PUBLIC CLOUD 405 is any computer system available for use by multiple entities that provides on-demand availability of computer system resources and/or other computer capabilities, especially data storage (cloud storage) and computing power, without direct active management by the user. Cloud computing typically leverages sharing of resources to achieve coherence and economies of scale. The direct and active management of the computing resources of public cloud 405 is performed by the computer hardware and/or software of cloud orchestration module 441. The computing resources provided by public cloud 405 are typically implemented by virtual computing environments that run on various computers making up the computers of host physical machine set 442, which is the universe of physical computers in and/or available to public cloud 405. The virtual computing environments (VCEs) typically take the form of virtual machines from virtual machine set 443 and/or containers from container set 444. It is understood that these VCEs may be stored as images and may be transferred among and between the various physical machine hosts, either as images or after instantiation of the VCE. Cloud orchestration module 441 manages the transfer and storage of images, deploys new instantiations of VCEs and manages active instantiations of VCE deployments. Gateway 440 is the collection of computer software, hardware, and firmware that allows public cloud 405 to communicate through WAN 402.

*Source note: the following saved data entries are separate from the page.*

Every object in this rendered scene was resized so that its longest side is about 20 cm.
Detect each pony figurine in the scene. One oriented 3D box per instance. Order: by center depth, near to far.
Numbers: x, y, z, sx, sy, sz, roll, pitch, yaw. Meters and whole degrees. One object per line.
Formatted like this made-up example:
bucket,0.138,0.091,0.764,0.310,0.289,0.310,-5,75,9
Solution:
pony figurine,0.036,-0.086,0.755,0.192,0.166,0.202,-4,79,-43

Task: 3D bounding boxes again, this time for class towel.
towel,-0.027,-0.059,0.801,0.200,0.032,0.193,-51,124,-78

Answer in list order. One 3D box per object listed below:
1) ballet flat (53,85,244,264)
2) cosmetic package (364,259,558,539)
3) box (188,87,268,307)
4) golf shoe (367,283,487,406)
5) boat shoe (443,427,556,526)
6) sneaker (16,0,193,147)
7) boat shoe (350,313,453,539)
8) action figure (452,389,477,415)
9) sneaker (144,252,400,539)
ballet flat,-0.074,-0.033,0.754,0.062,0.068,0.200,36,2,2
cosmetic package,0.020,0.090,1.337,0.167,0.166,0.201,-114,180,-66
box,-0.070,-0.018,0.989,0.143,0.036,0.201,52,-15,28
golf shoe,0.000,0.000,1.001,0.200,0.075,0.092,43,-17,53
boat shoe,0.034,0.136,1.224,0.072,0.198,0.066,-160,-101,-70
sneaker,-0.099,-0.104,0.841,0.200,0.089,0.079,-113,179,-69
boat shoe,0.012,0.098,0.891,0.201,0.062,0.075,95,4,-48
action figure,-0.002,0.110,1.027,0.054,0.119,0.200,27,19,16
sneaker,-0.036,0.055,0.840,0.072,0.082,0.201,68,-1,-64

Some further explanation of virtualized computing environments (VCEs) will now be provided. VCEs can be stored as “images.” A new active instance of the VCE can be instantiated from the image. Two familiar types of VCEs are virtual machines and containers. A container is a VCE that uses operating-system-level virtualization. This refers to an operating system feature in which the kernel allows the existence of multiple isolated user-space instances, called containers. These isolated user-space instances typically behave as real computers from the point of view of programs running in them. A computer program running on an ordinary operating system can utilize all resources of that computer, such as connected devices, files and folders, network shares, CPU power, and quantifiable hardware capabilities. However, programs running inside a container can only use the contents of the container and devices assigned to the container, a feature which is known as containerization.
PRIVATE CLOUD 406 is similar to public cloud 405, except that the computing resources are only available for use by a single enterprise. While private cloud 406 is depicted as being in communication with WAN 402, in other embodiments a private cloud may be disconnected from the internet entirely and only accessible through a local/private network. A hybrid cloud is a composition of multiple clouds of different types (for example, private, community or public cloud types), often respectively implemented by different vendors. Each of the multiple clouds remains a separate and discrete entity, but the larger hybrid cloud architecture is bound together by standardized or proprietary technology that enables orchestration, management, and/or data/application portability between the multiple constituent clouds. In this embodiment, public cloud 405 and private cloud 406 are both part of a larger hybrid cloud.